Why not just not use JSON for config? In a sane world YAML wouldn't even exist and everyone would use something like TOML.
What is the benefit of this over something like Pkl[0]? Pkl compiles down to JSON, YAML, etc., but the language itself is user-friendly. This way you get best of both worlds: readable and editable for humans, and parsable for computers.
[0]: https://pkl-lang.org
This may be heretical but surely the problem isn't lack of comments et al in JSON, rather that people try to use JSON for everything, when it was designed to be a text representation of javascript objects?
Shameless plug for my JSON/5 parser written in zig: https://github.com/berdon/zig-json
There is a std json library as well but the aesthetics weren’t great imo.
The specs are quite pleasant to implement.
I find HOCON[0] to be great for this need in JVM-based languages.
It feels like AI has made this redundant.
I honestly cannot imagine hand typing out some JSON now, or most code for that matter.
I just write in natural language what I want and the AI will perfectly output valid JSON.
> JSON for Humans
The emoji in the first paragraph seems to convey the understanding that humans like expressiveness, but the format itself doesn't allow Unicode values in keys, which seriously limits said expressiveness...
The "official" JSON should be enhanced to cover a few of the pain points.
I wish json had a simple version/convention like elixir sigils so I could pass datetimes around as first class entities instead of always having to [de]stringify them.
Looks very nice, but I feel it's one of those "yeah, it's better, but only useful for personal projects, or until it gets critical mass which won't be until after I'm dead, if at all" projects.
Yaml is for people, json is for machines
I think the killer feature of JSON is that there’s one version and that won’t ever change. You don’t have to think about compatibility.
All JSON is valid YAML. So you clearly can make yet another one of these and make it support JSON. But JSON doesn’t support the stuff you’re adding, so calling it JSON5 just makes things confusing as if it’s a version and not a whole new thing altogether.
The ugliest thing the authors could accomplish is making this sufficiently popular that there’s a ton of .json files out there that aren’t actually valid JSON. I hope they’re being careful about strongly discouraging ever writing these outputs to files with a .json filetype.
Just use jsonnet if you want this IMO. No need to change json into yaml.
Comments are nice. I wonder if they can also be inserted programmatically.
I'm a huge fan. We use it for all our configs.

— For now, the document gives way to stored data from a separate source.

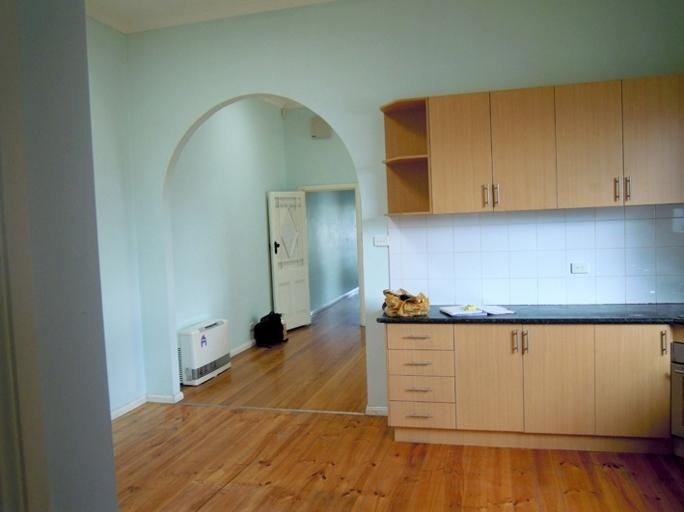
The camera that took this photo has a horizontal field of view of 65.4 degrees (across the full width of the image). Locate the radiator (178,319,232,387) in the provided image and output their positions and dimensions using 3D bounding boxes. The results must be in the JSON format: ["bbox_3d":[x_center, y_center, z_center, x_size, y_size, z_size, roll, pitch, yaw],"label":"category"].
[{"bbox_3d":[-1.340,0.929,5.166,0.237,0.501,0.691,-2,3,15],"label":"radiator"}]

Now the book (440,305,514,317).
[{"bbox_3d":[0.878,0.344,3.499,0.467,0.041,0.431,-2,4,9],"label":"book"}]

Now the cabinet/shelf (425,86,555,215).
[{"bbox_3d":[0.944,-0.664,3.356,0.763,0.735,0.302,-1,5,11],"label":"cabinet/shelf"}]

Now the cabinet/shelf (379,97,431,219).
[{"bbox_3d":[0.431,-0.661,3.640,0.301,0.752,0.392,-3,5,5],"label":"cabinet/shelf"}]
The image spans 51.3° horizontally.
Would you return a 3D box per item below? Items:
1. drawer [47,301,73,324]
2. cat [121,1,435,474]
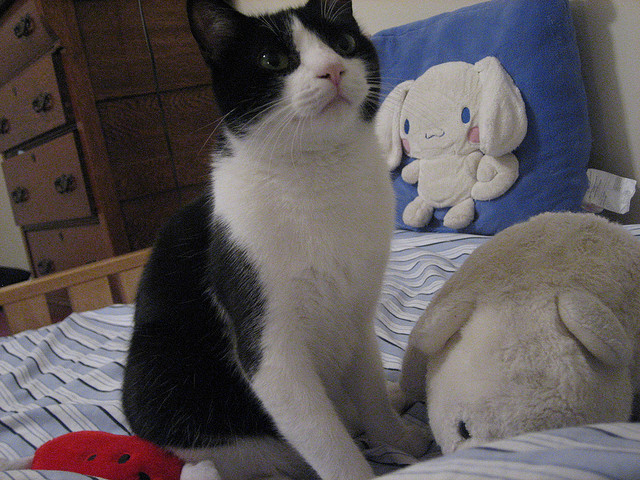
[{"bbox_3d":[-0.997,0.280,2.569,0.079,0.074,0.140,-6,9,-24],"label":"drawer"},{"bbox_3d":[-0.109,-0.001,1.311,0.588,0.939,0.340,-5,8,-15],"label":"cat"}]
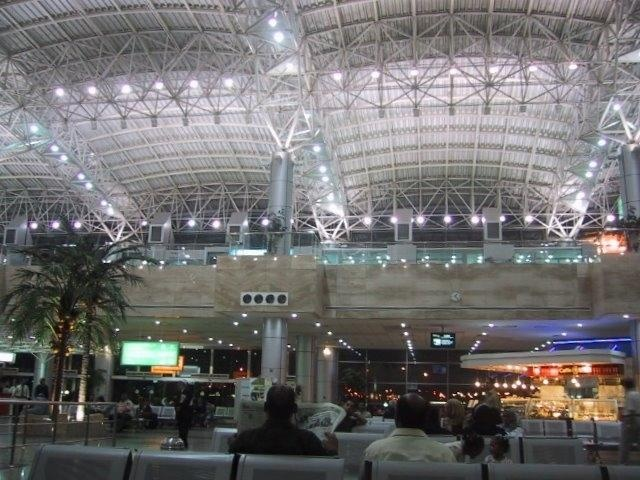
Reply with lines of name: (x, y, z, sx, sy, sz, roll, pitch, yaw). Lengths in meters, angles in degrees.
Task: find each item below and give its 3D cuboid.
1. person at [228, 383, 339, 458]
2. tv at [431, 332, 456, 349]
person: (-0.417, 1.979, 6.097, 1.257, 0.644, 0.689, 0, -19, 3)
tv: (5.140, 4.198, 23.823, 0.960, 0.585, 0.782, -1, -14, 3)
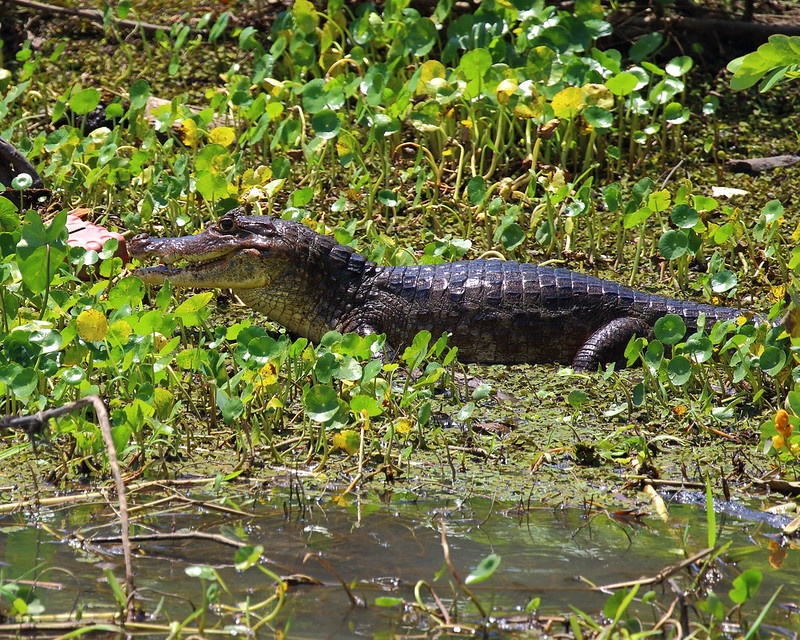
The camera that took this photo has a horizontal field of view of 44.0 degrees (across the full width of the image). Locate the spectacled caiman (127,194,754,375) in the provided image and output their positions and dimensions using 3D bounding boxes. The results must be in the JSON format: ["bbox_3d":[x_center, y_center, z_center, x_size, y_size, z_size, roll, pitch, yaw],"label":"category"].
[{"bbox_3d":[0.105,-0.078,5.706,3.689,0.809,1.176,2,-8,5],"label":"spectacled caiman"}]
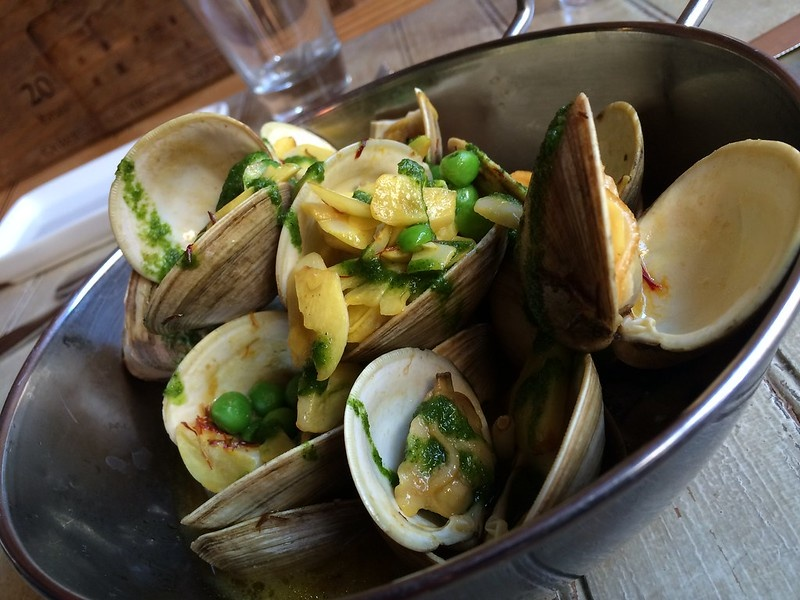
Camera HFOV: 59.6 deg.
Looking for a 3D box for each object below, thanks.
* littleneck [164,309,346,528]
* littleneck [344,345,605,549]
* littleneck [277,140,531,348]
[{"bbox_3d":[-0.314,0.228,1.311,0.356,0.140,0.384,-10,60,25],"label":"littleneck"},{"bbox_3d":[0.074,0.253,1.197,0.361,0.182,0.328,25,45,5],"label":"littleneck"},{"bbox_3d":[0.034,-0.142,1.357,0.489,0.359,0.347,12,28,27],"label":"littleneck"}]
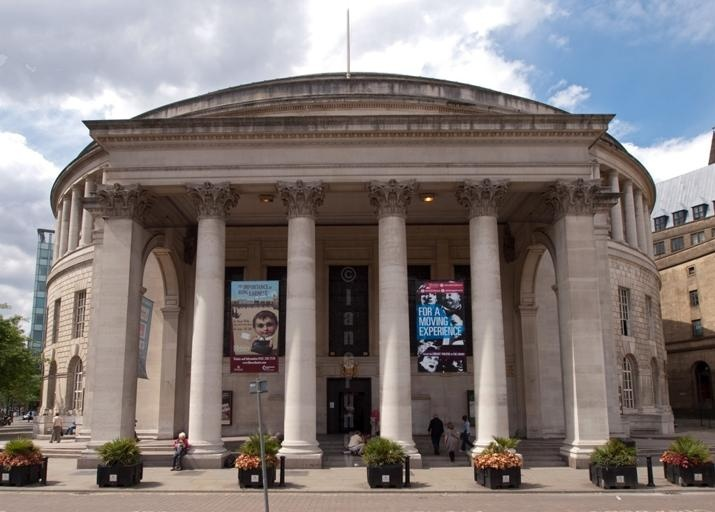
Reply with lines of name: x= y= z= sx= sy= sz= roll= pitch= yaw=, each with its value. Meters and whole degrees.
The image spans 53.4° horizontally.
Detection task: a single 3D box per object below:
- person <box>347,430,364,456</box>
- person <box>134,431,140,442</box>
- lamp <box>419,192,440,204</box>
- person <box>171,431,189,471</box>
person: x=-0.105 y=10.417 z=39.619 sx=0.914 sy=1.323 sz=1.134 roll=1 pitch=-18 yaw=-7
person: x=-14.137 y=11.488 z=45.511 sx=0.293 sy=0.768 sz=1.436 roll=4 pitch=-18 yaw=-15
lamp: x=4.067 y=-3.423 z=41.183 sx=0.647 sy=0.375 sz=0.635 roll=-3 pitch=-8 yaw=18
person: x=-9.333 y=10.285 z=37.345 sx=0.827 sy=1.889 sz=1.128 roll=3 pitch=-19 yaw=-14
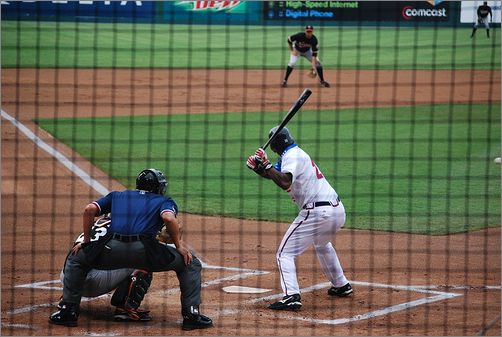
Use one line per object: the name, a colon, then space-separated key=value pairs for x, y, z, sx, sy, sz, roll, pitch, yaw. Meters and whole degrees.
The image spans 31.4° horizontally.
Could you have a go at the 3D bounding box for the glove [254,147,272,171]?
glove: x=0.281 y=-0.199 z=18.564 sx=0.348 sy=0.436 sz=0.223 roll=-23 pitch=1 yaw=38

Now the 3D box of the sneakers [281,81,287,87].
sneakers: x=1.169 y=-2.915 z=30.915 sx=0.201 sy=0.149 sz=0.047 roll=0 pitch=56 yaw=8

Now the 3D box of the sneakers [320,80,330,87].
sneakers: x=2.599 y=-2.911 z=30.736 sx=0.417 sy=0.147 sz=0.117 roll=18 pitch=42 yaw=-19
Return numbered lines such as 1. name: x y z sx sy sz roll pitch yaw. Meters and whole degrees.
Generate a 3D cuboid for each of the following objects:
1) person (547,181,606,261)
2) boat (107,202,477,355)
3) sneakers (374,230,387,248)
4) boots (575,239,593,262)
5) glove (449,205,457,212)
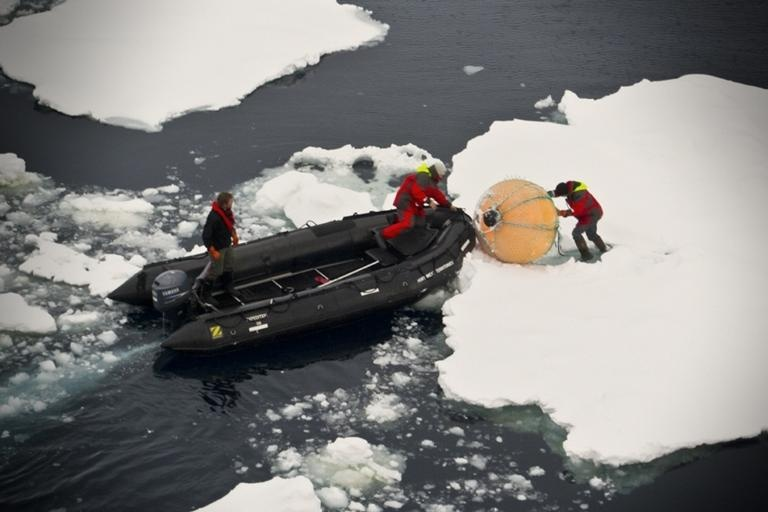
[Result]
1. person: 3.695 -0.635 18.561 0.725 1.447 1.189 -27 50 -18
2. boat: -1.221 1.044 18.203 5.940 1.317 2.573 -12 43 -15
3. sneakers: -0.047 -0.319 18.212 0.199 0.324 0.111 -19 -4 0
4. boots: 3.760 -0.126 18.516 0.263 0.444 0.155 -28 2 19
5. glove: 1.330 -0.910 18.685 0.069 0.069 0.181 -12 24 -18
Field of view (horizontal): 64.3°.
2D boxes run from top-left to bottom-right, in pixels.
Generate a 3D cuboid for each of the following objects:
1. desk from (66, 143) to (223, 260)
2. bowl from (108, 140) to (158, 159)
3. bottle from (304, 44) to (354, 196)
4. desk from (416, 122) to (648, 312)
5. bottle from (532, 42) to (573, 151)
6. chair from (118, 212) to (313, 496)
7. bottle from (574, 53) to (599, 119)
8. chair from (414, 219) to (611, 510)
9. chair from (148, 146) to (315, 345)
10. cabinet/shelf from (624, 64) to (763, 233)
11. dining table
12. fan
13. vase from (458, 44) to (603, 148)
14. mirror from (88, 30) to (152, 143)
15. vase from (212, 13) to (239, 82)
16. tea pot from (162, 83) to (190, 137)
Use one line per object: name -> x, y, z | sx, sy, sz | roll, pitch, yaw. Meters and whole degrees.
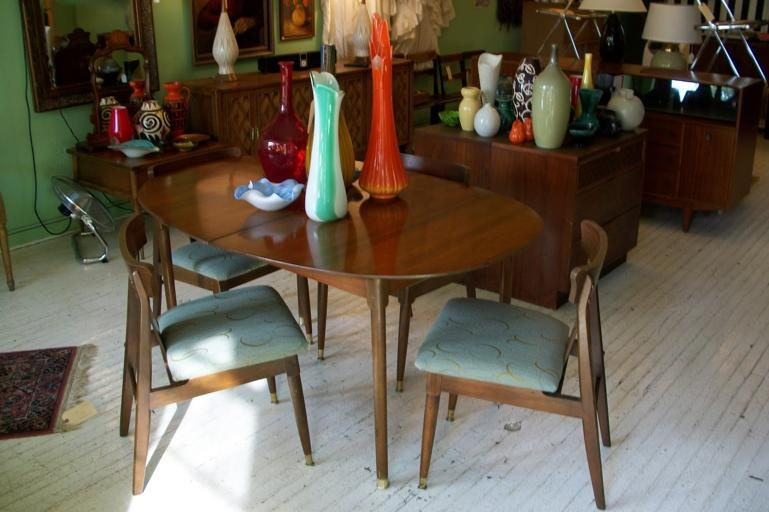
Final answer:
desk -> -1.981, -0.502, 4.670 | 0.626, 0.527, 0.511 | 14, 20, 15
bowl -> -1.817, -0.781, 4.441 | 0.248, 0.099, 0.183 | 6, 25, 9
bottle -> -0.291, -0.680, 3.088 | 0.308, 0.731, 0.274 | 10, 14, 43
desk -> 1.003, -0.538, 4.371 | 1.249, 1.185, 1.297 | 18, 29, 39
bottle -> 1.015, -0.962, 3.739 | 0.235, 0.608, 0.176 | 0, 22, 9
chair -> -0.835, 0.431, 2.923 | 0.828, 1.177, 0.658 | -8, 23, -24
bottle -> 1.343, -1.120, 4.082 | 0.128, 0.406, 0.151 | -20, 31, -29
chair -> 0.611, 0.498, 2.804 | 0.882, 1.177, 0.628 | 3, 23, 17
chair -> -0.767, -0.048, 3.078 | 0.632, 1.041, 0.666 | -26, 40, -38
cabinet/shelf -> 2.399, -0.824, 4.817 | 1.004, 1.099, 0.564 | 20, 30, 39
dining table -> 0.071, 0.094, 3.407 | 1.025, 0.888, 1.700 | -6, 26, -18
fan -> -2.277, -0.262, 4.596 | 0.265, 0.455, 0.436 | -17, 40, -33
vase -> 0.994, -1.104, 4.053 | 0.791, 0.869, 0.515 | 5, 24, 18
mirror -> -2.040, -1.273, 4.674 | 0.147, 0.787, 0.642 | 21, 35, 26
vase -> -1.321, -1.720, 5.033 | 0.199, 0.507, 0.252 | -10, 23, -15
tea pot -> -1.629, -1.124, 4.778 | 0.218, 0.411, 0.194 | 11, 20, 21
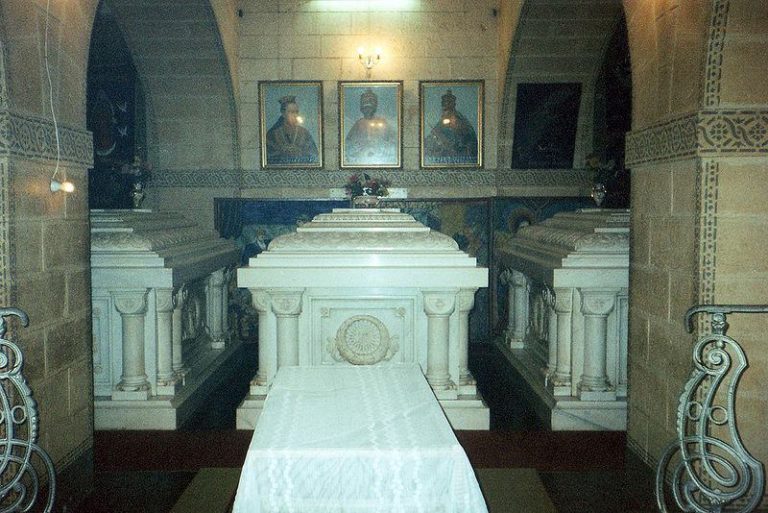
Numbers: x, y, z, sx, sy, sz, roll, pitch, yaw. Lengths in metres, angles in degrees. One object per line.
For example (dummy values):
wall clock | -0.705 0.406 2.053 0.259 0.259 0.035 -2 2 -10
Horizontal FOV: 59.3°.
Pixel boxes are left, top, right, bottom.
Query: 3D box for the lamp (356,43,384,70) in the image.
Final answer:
lamp | -0.158 -2.449 8.285 0.319 0.250 0.135 -1 -3 -8

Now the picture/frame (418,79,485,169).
picture/frame | 0.829 -1.635 8.366 0.765 1.029 0.227 -1 12 -7

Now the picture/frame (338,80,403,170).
picture/frame | -0.167 -1.672 8.362 1.072 1.296 0.091 -1 5 -4

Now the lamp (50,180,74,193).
lamp | -2.075 -0.447 4.363 0.069 0.073 0.121 27 16 0

Unfortunately this is basically that XKCD cartoon about proliferating standards. I think I’d avoid this additional standard and just use JSON or a JavaScript object if I really need this level of flexibility.
Eh, if you drink, then drink...
1. Add `;` as a separator of elements, so you may have:
{ a: "foo"; b:"bar; }
2. Add array tags and space separated value lists so you may have { a: 12 13 14; }
to be treated as [12, 13, 14] with the tag " ". Normal arrays are parsed with the tag ","
3. Add "functors" as, again, tagged arrays rgb(128,128,14);
will be parsed to an array with the tag "rgb". Also you may have calc(128 + 14);
4. Add tagged numbers so 90deg
will be parsed as a number with the tag "deg"
And you will get pretty much CSS that is proven to define quite complex constructs with minimal syntax.No I don’t need this thing.
` leadingDecimalPoint: .8675309, andTrailing: 8675309.,`
Sorry but what is the benefit of this? Lazy shorthand? This is too much. Is this a string in other languages? PHP the `.` is a string concat.
I think it allows for too much. I was glad that JSON only supports double-quoted strings. It is a feature that removes discussions about which quotes to use. Or even whether to use quotes at all (we still need them for keys with colons or minus in it, so what gives?).
The only thing that JSON is really missing are comments and trailing commas. I use JSONC for that. It's what VSC uses for the config format and it works.